Good morning, everyone, and welcome back to H.C. Wainwright's 27th annual Global Investment Conference held on September 8th to September 10th, 2025. My name is Patrick Truchio. I'm a Senior Healthcare Analyst at H.C. Wainwright. It's my pleasure to welcome our next company, an executive at Cybin Inc., a late-stage neuropsychiatry company pioneering next-generation psychedelics and neuromodulators for mental health. Cybin Inc. is currently conducting a phase 3 program, evaluating its lead candidate, CYB003, a deuterated psilocin analog for adjunctive treatment of major depressive disorder, and a phase 2 trial of CYB004, a deuterated DMT compound for generalized anxiety disorder. From the company, it's my pleasure to introduce George Tziras, the CBO. Maybe if we can start just with some background on Cybin Inc. and highlight the progress that's been made over the past year.
Sure, happy to. Just to give you the sort of the mission, I think if you think about the last few, really many decades of psychiatry, the treatment in mood disorders of highly prevalent indication like depression and anxiety have mainly been managed through chronic dosing, daily dosing really, with antidepressants like SSRIs and SNRIs, which we know that two-thirds of patients don't initially respond to. The side effect profile for many can be quite challenging. For example, sexual dysfunction, weight gain. As you then progress on to later treatments, perhaps atypical antipsychotics, again, the side effect profile can also be quite challenging. In the last 15 years or so, we've seen the advent, especially in the U.S., of what's been termed interventional psychiatry. By that, I mean really day clinics where there are intermittent treatments administered.
Things like initially it was TMS, and then most recently we've seen Ketamine and Spravato (S-Ketamine). Those have grown actually quite a bit in the last few years. I think there's over 5,000 centers today that are registered for S-Ketamine and many more also for TMS and many that do combinations there. Thus far, access to those has been somewhat limited and mainly reserved, I guess, for more refractory patients in depressions due to, to a certain extent, the administrative burden. If we look at TMS, for example, there you have typically five days of daily dosing and then that goes on for a month. It's quite a lot of burden on both the practice and the patient. With S-Ketamine for maintenance, you have weekly or biweekly dosing. Again, quite a lot of burden on the practice. What I think we have now with Cybin Inc.

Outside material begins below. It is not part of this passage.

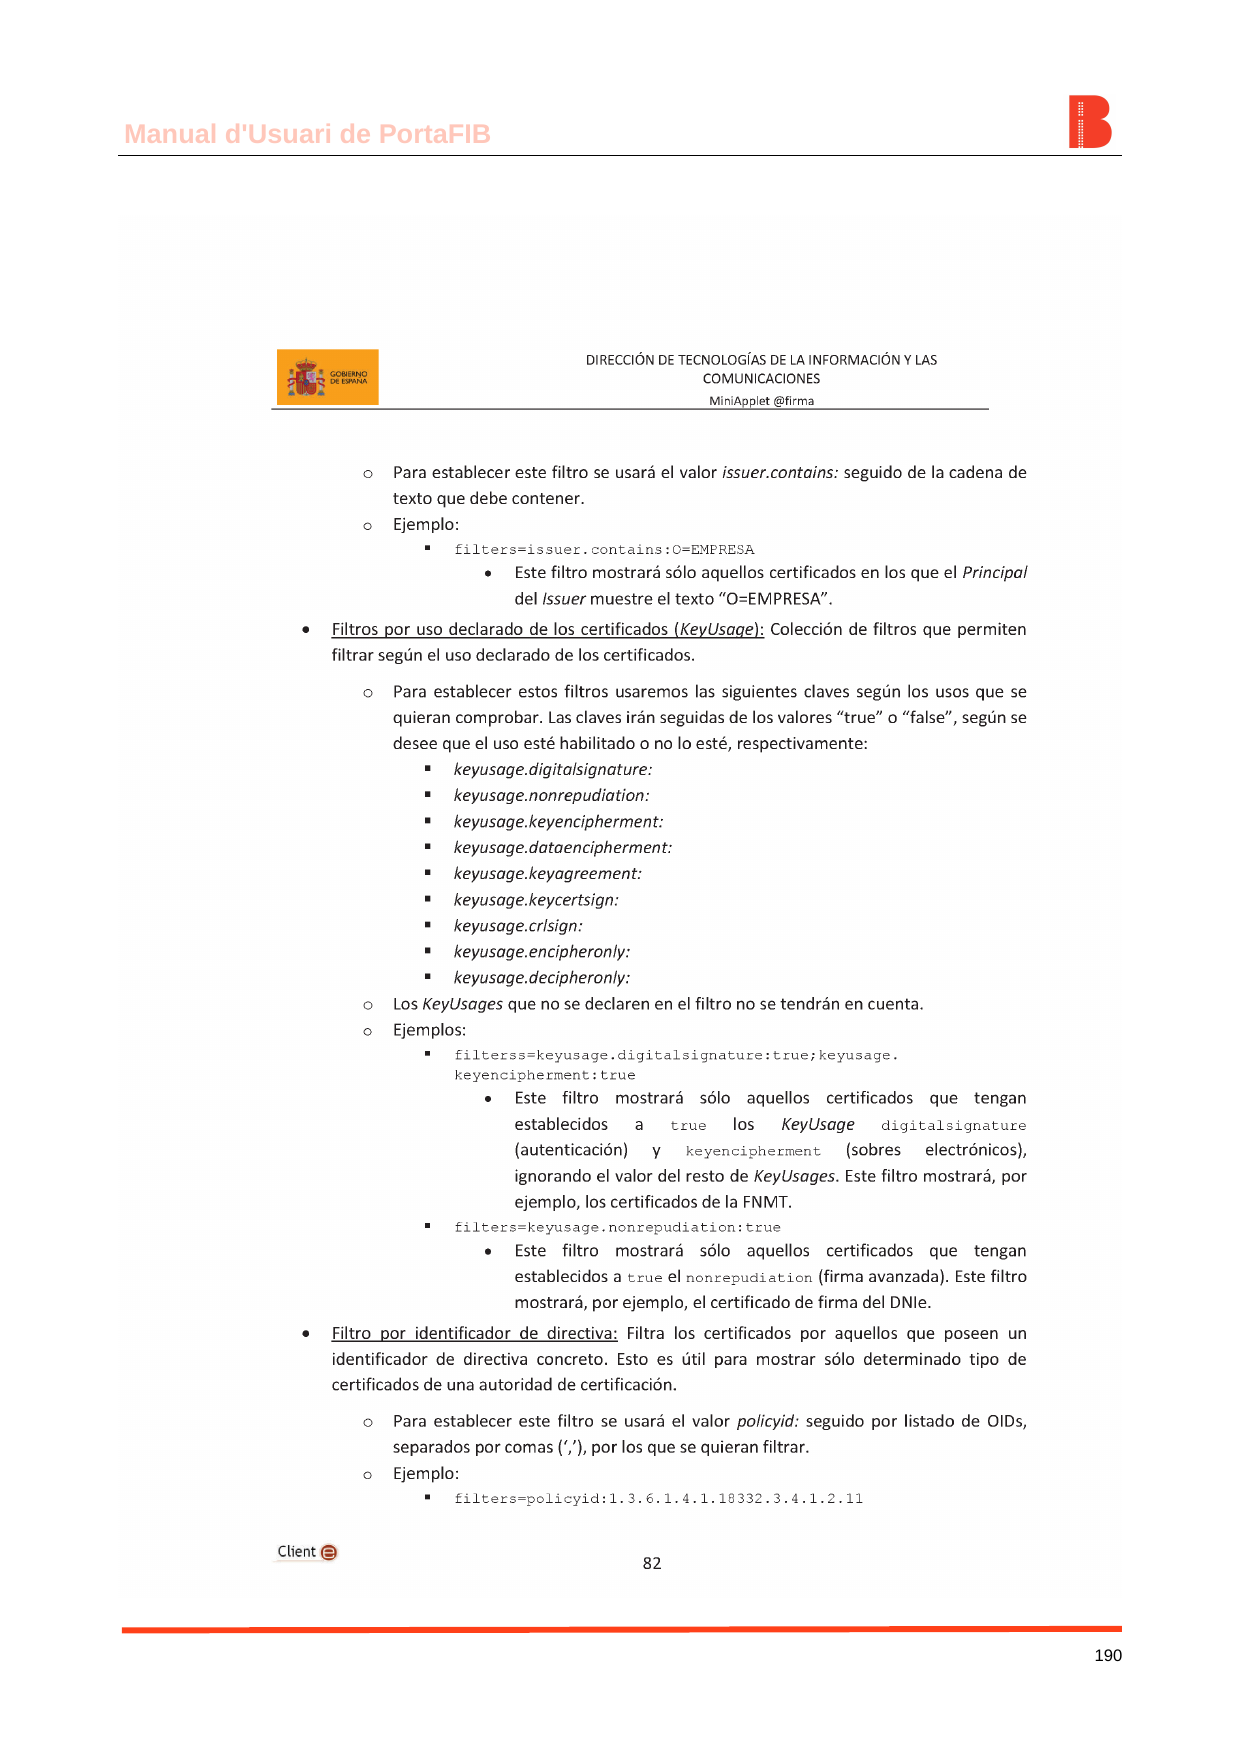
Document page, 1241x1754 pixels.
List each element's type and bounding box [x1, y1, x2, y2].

and what we're excited about in terms of the opportunity is how to really evolve that interventional paradigm and give perhaps the opportunity for greater scale access and also transdiagnostically in mood disorders, we think with some of the early data. Beyond that, also into other behavioral disorders potentially. We think that that's going to be possible through reducing and maybe dramatically that administrative burden, both for patients and providers. That is really through short, sort of fast-acting but long-lasting relief through as little as two doses a year or two dosing days a year. In that, we have two late-stage clinical programs, CYB003 and CYB004. CYB003 was granted Breakthrough Therapy Designation by the FDA. It's currently in phase 3, being investigated for adjunctive major depressive disorder. The first trial there launched late last year.
It's called APPROACH, and the second study is soon to start, we hope, it's called EMBRACE. CYB004 is our second asset that is being investigated for generalized anxiety disorder. That's currently in a phase 2 study, which as of this morning, I'm very pleased to say just completed enrollment. We're expecting data for that relatively soon.
It leads into a couple of my next questions. I think maybe the first one just is what are the priorities as you see them in the next 12 months to advance both CYB003 and CYB004?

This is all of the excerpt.